Maybe nationhood is a vestige of the old world order, exhibiting itself best in the cheering on of one's country in the Olympics, individual languages, and cultural cuisine.
The financial rule of the world has moved elsewhere to the World Bank, International Monetary Fund, Davos, Bilderberg, etc. The world is being carved up by the global elites into trade and low-wage manufacturing zones that benefit the wealthiest of the earth.
Certain nations are still victims of predatory wealthy measures by wealthier countries to invoke austerity measures. The World Bank does this repeatedly to southern nations by making the cutting back of social safety nets a requirement for loans - and then sticking the countries with onerous interest rates.
But, in reality, we are really talking about a financial overlay of the global oligarchy over the poorer regions of the world, whatever their arbitrary national boundaries, and the forcing of austerity measures even on prosperous nations.

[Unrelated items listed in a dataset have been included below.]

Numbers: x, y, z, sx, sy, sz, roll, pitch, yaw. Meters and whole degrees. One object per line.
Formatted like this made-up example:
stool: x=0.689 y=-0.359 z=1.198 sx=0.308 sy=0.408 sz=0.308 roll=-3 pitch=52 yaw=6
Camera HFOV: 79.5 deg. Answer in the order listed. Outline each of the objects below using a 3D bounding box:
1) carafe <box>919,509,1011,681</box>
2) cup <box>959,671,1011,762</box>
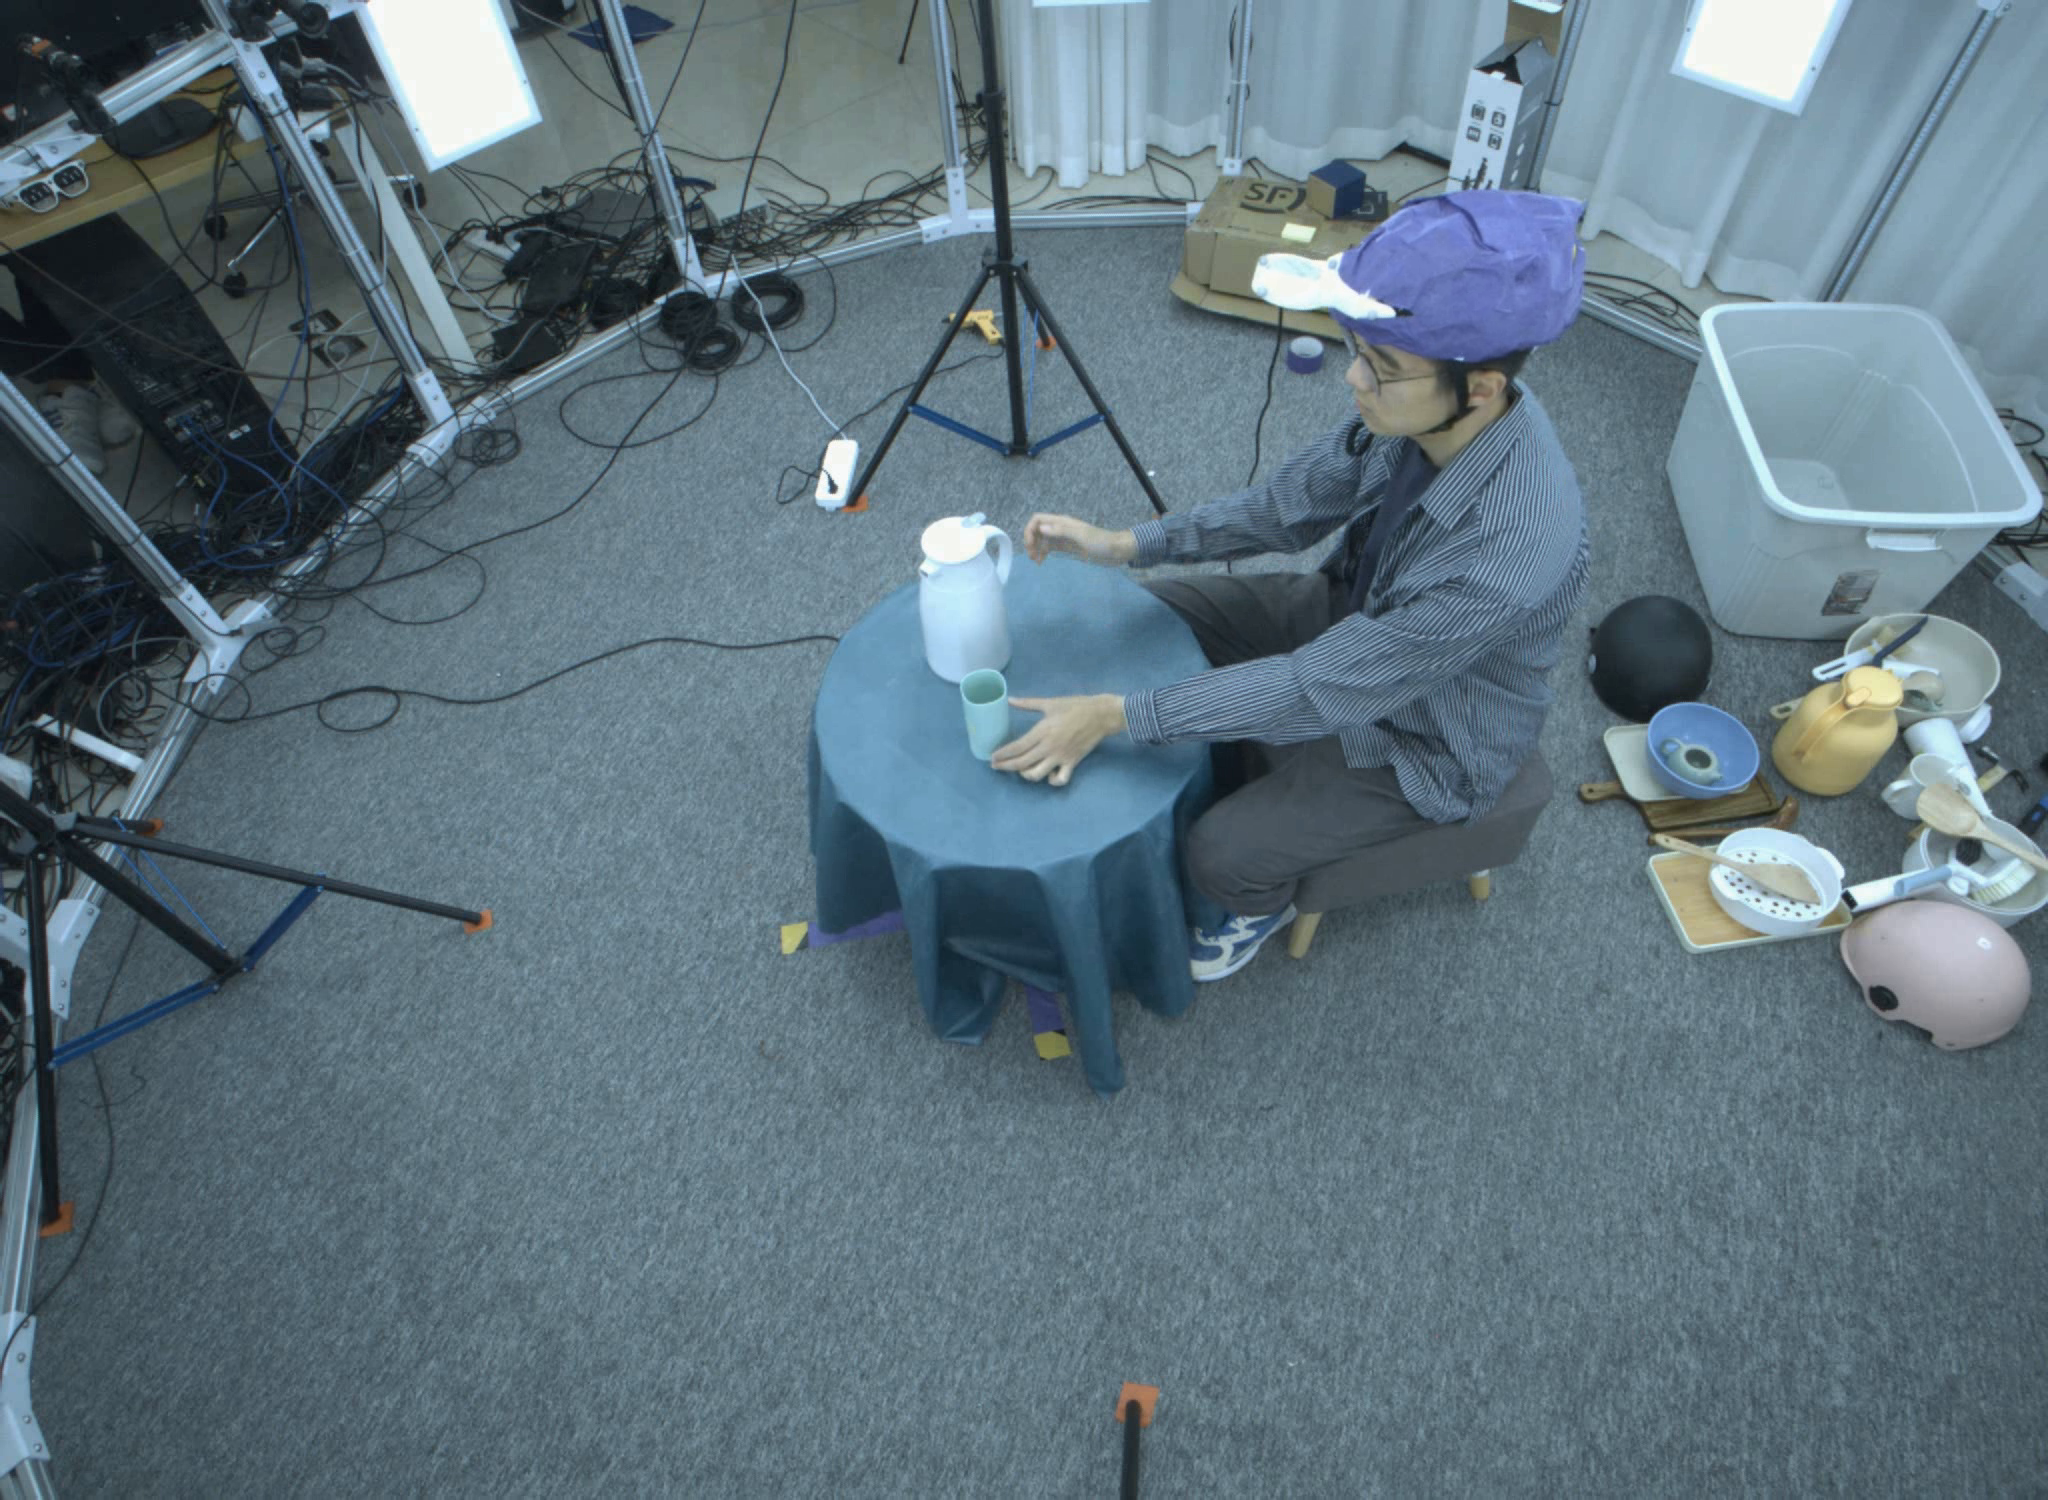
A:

The irony is that the right-wing of America has long despised the United Nations, but the current reality of economic management of the earth is falling into the hands of a few elite institutions, developed regions (call them nations if you will), and international financial firms and corporations. Call it the United Global Elite instead of the United Nations.
Members of the global elite, as BuzzFlash at Truthout has mentioned before, are more at home with each other than with the other 99% of their own countries. The G-8, the G-20, call them what you will, but the economic fate of nations is decided to a great degree at international meetings of the haves.
This is not a conspiracy theory. It is the result of a world of global trade, finances, and marketing that is not confined to national boundaries. Yes, nations have distinct legal systems, but their financial fates are more and more determined by decisions made at a global level by individuals at a great distance from working people - or the person trying to survive on subsistence living.
Last week the head of the infamous AIG corporation, Robert Benmosche, predicted that retirement ages would rise. How high did he predict that they would rise?
"Retirement ages will have to move to 70, 80 years old," Benmosche told Bloomberg. "That would make pensions, medical services more affordable. They will keep people working longer and will take that burden off of the youth."
Considering the lack of jobs around the world today, one has to ask how out of touch is Benmosche, a member of the global elite -- despite the ruinous effects in 2008 of his company's actions. Where will these jobs come from at a time of high unemployment?
Either populist movements, such as in Greece and the Occupy Movement in the US, will regain control of local economies, or the world will become one medieval fiefdom.